Unnamed: 0_level_0,Height,Weight,Foot_Size
Gender,Unnamed: 1_level_1,Unnamed: 2_level_1,Unnamed: 3_level_1
female,0.097225,558.333333,1.666667
male,0.035033,122.916667,0.916667


I created functions getMeans and getVars to reduce the redundancy from the tutorial.

In [21]:

def getMeans(gender):
    hMean = data_means['Height'][data_variance.index==gender].values[0]
    wMean = data_means['Weight'][data_variance.index==gender].values[0]
    fMean = data_means['Foot_Size'][data_variance.index==gender].values[0]
    return hMean, wMean, fMean
def getVars(gender):
    hVar = data_variance['Height'][data_variance.index==gender].values[0]
    wVar = data_variance['Weight'][data_variance.index==gender].values[0]
    fVar = data_variance['Foot_Size'][data_variance.index==gender].values[0] 
    return hVar, wVar, fVar

male_height_mean, male_weight_mean, male_footsize_mean = getMeans('male')

# Means for male
##male_height_mean = data_means['Height'][data_variance.index == 'male'].values[0]
##male_weight_mean = data_means['Weight'][data_variance.index == 'male'].values[0]
##male_footsize_mean = data_means['Foot_Size'][data_variance.index == 'male'].values[0]

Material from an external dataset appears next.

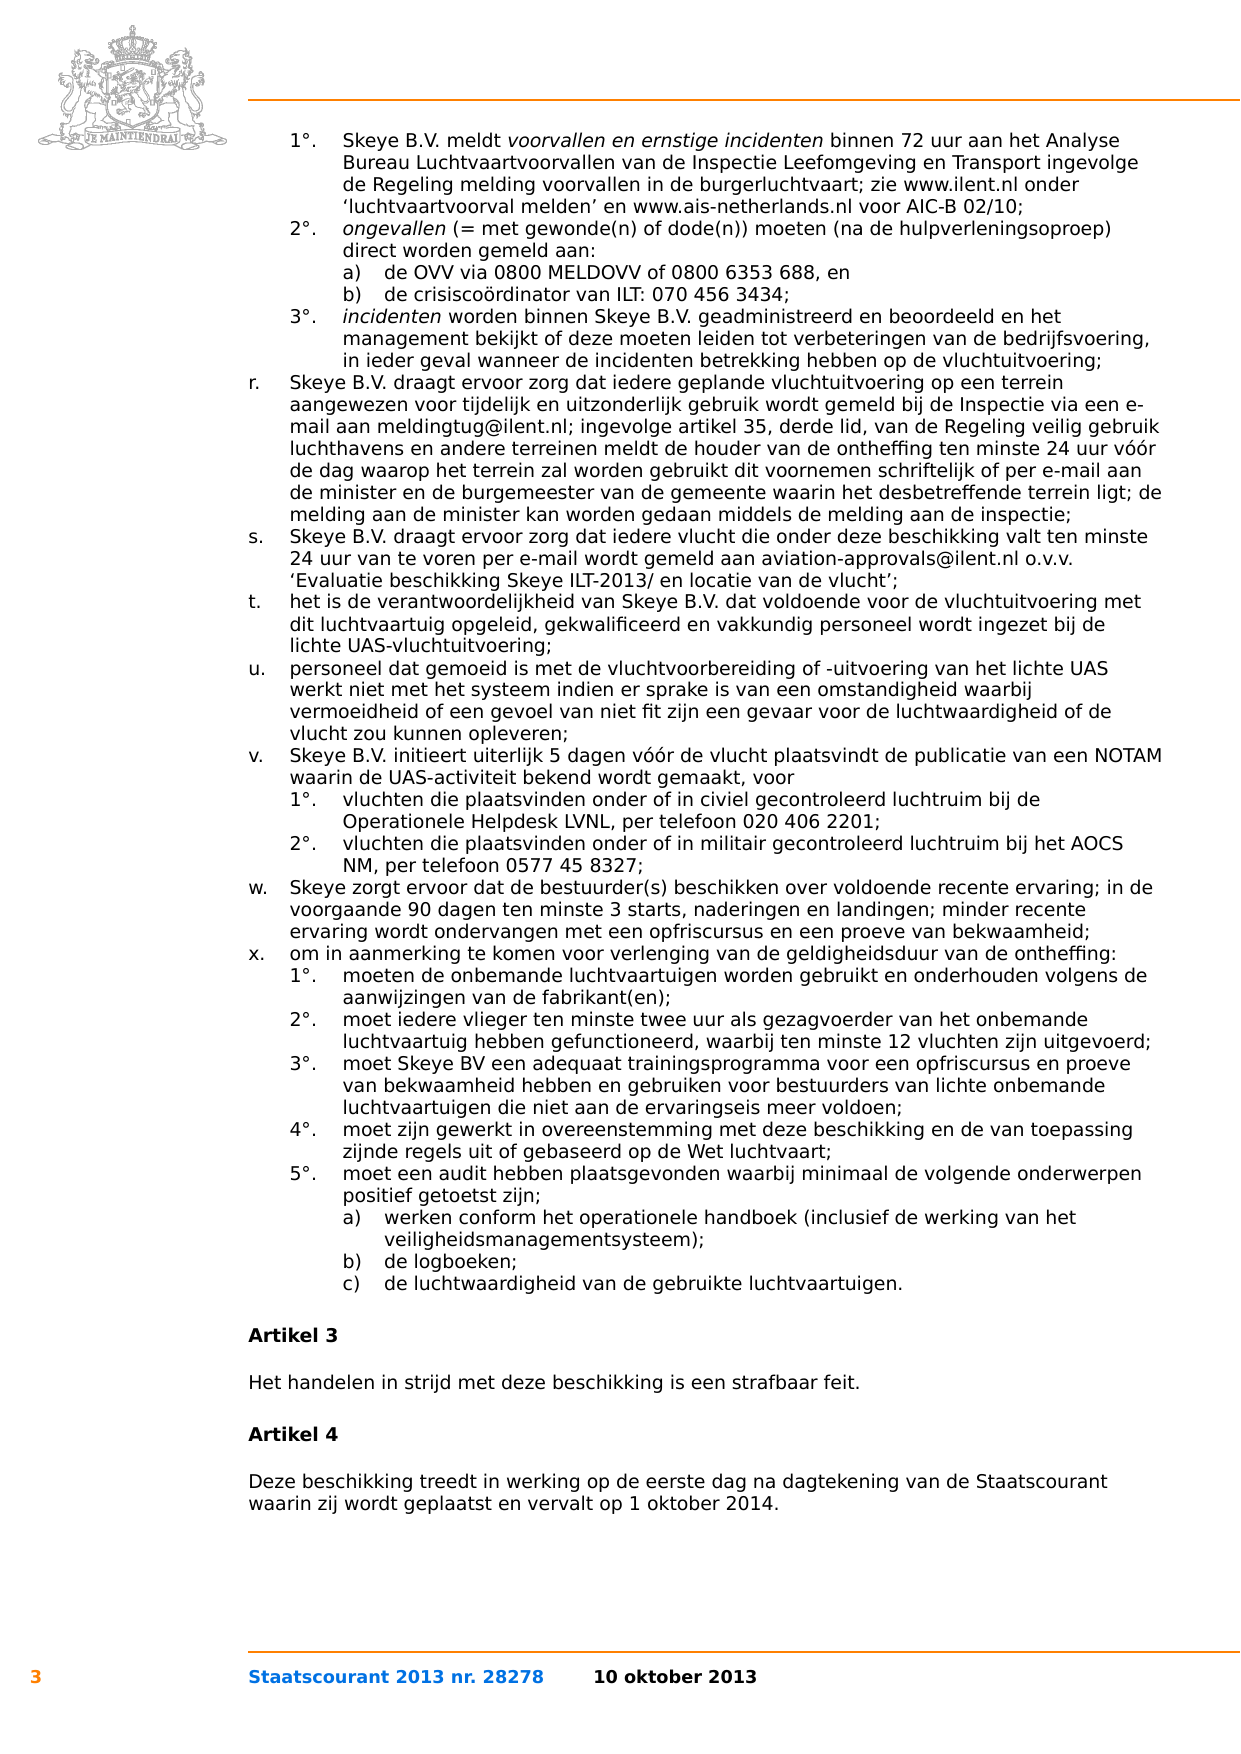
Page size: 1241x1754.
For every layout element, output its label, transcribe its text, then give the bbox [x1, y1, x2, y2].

male_height_variance, male_weight_variance, male_footsize_variance = getVars('male')
# Variance for male
##male_height_variance = data_variance['Height'][data_variance.index == 'male'].values[0]
##male_weight_variance = data_variance['Weight'][data_variance.index == 'male'].values[0]
##male_footsize_variance = data_variance['Foot_Size'][data_variance.index == 'male'].values[0]


female_height_mean, female_weight_mean, female_footsize_mean = getMeans('female')
# Means for female
##female_height_mean = data_means['Height'][data_variance.index == 'female'].values[0]
##female_weight_mean = data_means['Weight'][data_variance.index == 'female'].values[0]
##female_footsize_mean = data_means['Foot_Size'][data_variance.index == 'female'].values[0]

female_height_variance, female_weight_variance, female_footsize_variance = getVars('female')
# Variance for female
##female_height_variance = data_variance['Height'][data_variance.index == 'female'].values[0]
##female_weight_variance = data_variance['Weight'][data_variance.index == 'female'].values[0]
##female_footsize_variance = data_variance['Foot_Size'][data_variance.index == 'female'].values[0]

In [22]:
# Create a function that calculates p(x | y):
def p_x_given_y(x, mean_y, variance_y):

    # Input the arguments into a probability density function
    p = 1/(np.sqrt(2*np.pi*variance_y)) * np.exp((-(x-mean_y)**2)/(2*variance_y))
    
    # return p
    return p

## Apply Bayes Classifier To New Data Point
<a id="s4"></a>

In [23]:
# Numerator of the posterior if the unclassified observation is a male
P_male * \
p_x_given_y(person['Height'][0], male_height_mean, male_height_variance) * \
p_x_given_y(person['Weight'][0], male_weight_mean, male_weight_variance) * \
p_x_given_y(person['Foot_Size'][0], male_footsize_mean, male_footsize_variance)

6.197071843878078e-09

In [24]:
# Numerator of the posterior if the unclassified observation is a female
P_female * \
p_x_given_y(person['Height'][0], female_height_mean, female_height_variance) * \
p_x_given_y(person['Weight'][0], female_weight_mean, female_weight_variance) * \
p_x_given_y(person['Foot_Size'][0], female_footsize_mean, female_footsize_variance)

0.0005377909183630018

Because the numerator of the posterior for female is greater than male, then we predict that the person is female.